Why We Run: Aimy Steele

Aimy Steele has been advocating for students in North Carolina for a decade as a teacher and school principal. After growing frustrated with the lack of resources in our schools, the lack of access to healthcare, and the disconnect between constituents and their elected representatives, Aimy decided that the best way to fight for change was to run for a seat in the North Carolina State House.

What problem would you like to solve by running for office?

Right now, not all of our voices are adequately represented in the state house. As a woman of color, I want to bring diverse voices into our state legislature by talking to constituents and making sure their voices are heard.
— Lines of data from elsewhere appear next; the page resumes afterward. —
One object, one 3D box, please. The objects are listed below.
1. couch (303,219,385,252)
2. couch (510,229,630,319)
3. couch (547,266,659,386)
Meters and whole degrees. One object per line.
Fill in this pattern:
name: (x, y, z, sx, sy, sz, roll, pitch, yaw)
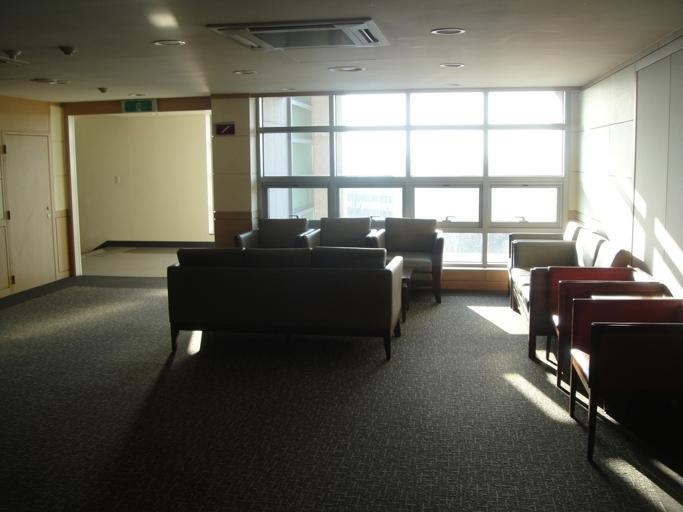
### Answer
couch: (-0.003, -0.375, 8.648, 0.971, 0.723, 0.580, 1, 1, 7)
couch: (2.804, 0.517, 7.047, 1.053, 1.329, 1.871, 3, 11, 2)
couch: (2.577, 0.548, 5.428, 0.984, 1.298, 1.302, 0, 1, 4)

I want to let them know that not only does their vote matter, but their voices, their suggestions and their opinions matter too. That’s one thing I specifically want to change.

Was there a specific incident that led you to run for office?

When I was a school principal, we received a lot of new legislative policies and rulings that needed to be implemented in our school. But they came with no additional funding or resources.

Once I was asked to find additional classroom space for five teachers in our school in order to comply with a new mandate to lower class sizes. I had already moved people around and had completely run out of space. So I had to create “cafetorium” classrooms in our gymnasium, library and the cafeteria. The music, art, and PE teachers had to walk around the school with a cart in order to teach their students.

When I was a Spanish teacher, I had to walk around the school with a cart — when I was pregnant for most of the year. So I didn’t want that for anybody. That was the last straw, and I said enough is enough. We have to do something different.

A precedent needs to be set that when new legislation is passed, it must come with the appropriate resources needed to implement it.

How do you get over you fear of fundraising or networking?

I’m used to asking people for money. I’ve raised money for schools and classrooms before — that really wasn’t the issue. The issue was asking people for money for me.

When you’re asking people for money for a cause, or for children, or for a family who’s down and out and needs a helping hand — that’s one thing. But when I started asking people to donate money for me and for the campaign, even though I’m not using the money for personal things, my mind would play a trick on me. I would feel like I’m asking for money for me.

I had to change my thought process around fundraising. I finally realized that the money I raise is for the children, it is for the people who are addicted to opioids, it is for people who need to benefit from a reformed criminal justice system. It’s for people who have been marginalized and whose voices have not been heard. The money will go toward making sure that all these groups have a seat at the table, through me.

Once I changed my mindset, I had no problem asking for money. Now I’m so direct that people are taken aback. They say, “Oh my gosh, did you just ask me for the maximum contribution of $5200?” I answer, “Yes actually, I did — because together, we can make a change and this is what’s gonna’ happen. So are you on board?” And they say yes! Now, it’s natural.

What advice would you give someone who’s thinking about running?

First and foremost, make sure it’s ok with your family. Then, you need to talk to someone who has been a serious candidate before — whether they won their election of not. You need to talk to someone who believes in field, door knocking, phone banking, and who believes in investing in a campaign to make it a viable. You need to talk to someone who has walked in those shoes before, and let them explicitly articulate to you what is involved in running for office.

I was not adequately informed of everything I would encounter in my race. The most mind boggling ah-ha moment was when I realized just how much money I would have to raise and how quickly I’d have to raise it. I didn’t realize that people won’t buy into giving you money unless they believe in the political process, and unless they believe in you and what you’re doing.

Now, moving forward, I would tell everyone specifically what you’ll face if you run for office, and what you need to do to have a successful campaign. In order to learn how to navigate these kinds of spaces, it’s best to talk to someone who’s been there before. That’s my number one piece of advice to anyone considering this journey.

What is on your “get pumped up to canvass” playlist?

One is “Reach” by Gloria Estefan. That’s my number one song, period — and “Reach” is also the name of my business. It’s the amazing song she sang at the 1996 Olympics in Atlanta, GA. It’s about reaching higher for your dreams, reaching higher for the things you want to go after. My second song is “Roar” by Katy Perry. Roar like a lion — here I come!

How have you used or worked with RFS in your race?

The Run For Something mentor space has been very helpful. Whenever someone on my staff needs help with anything — finance, marketing, PR, you name it — I can ask if Run For Something has an experienced mentor who can help. The answer is always yes! By talking directly with the RFS mentors, my staff is able to ask the questions I never would have known to ask — and they have gained really valuable wisdom.

For me, I love the Slack space. On Slack, I‘m able to log on and search for anything I need help with. For example — when I need fundraising ideas, I type in “fundraising”, and it’ll search all the messages and show me the ones that have the information I need.

The other big takeaway from RFS is that they’re so responsive. No matter what I need, no matter who I call or email, someone always responds. Everyone is so engaged, and that makes me happy.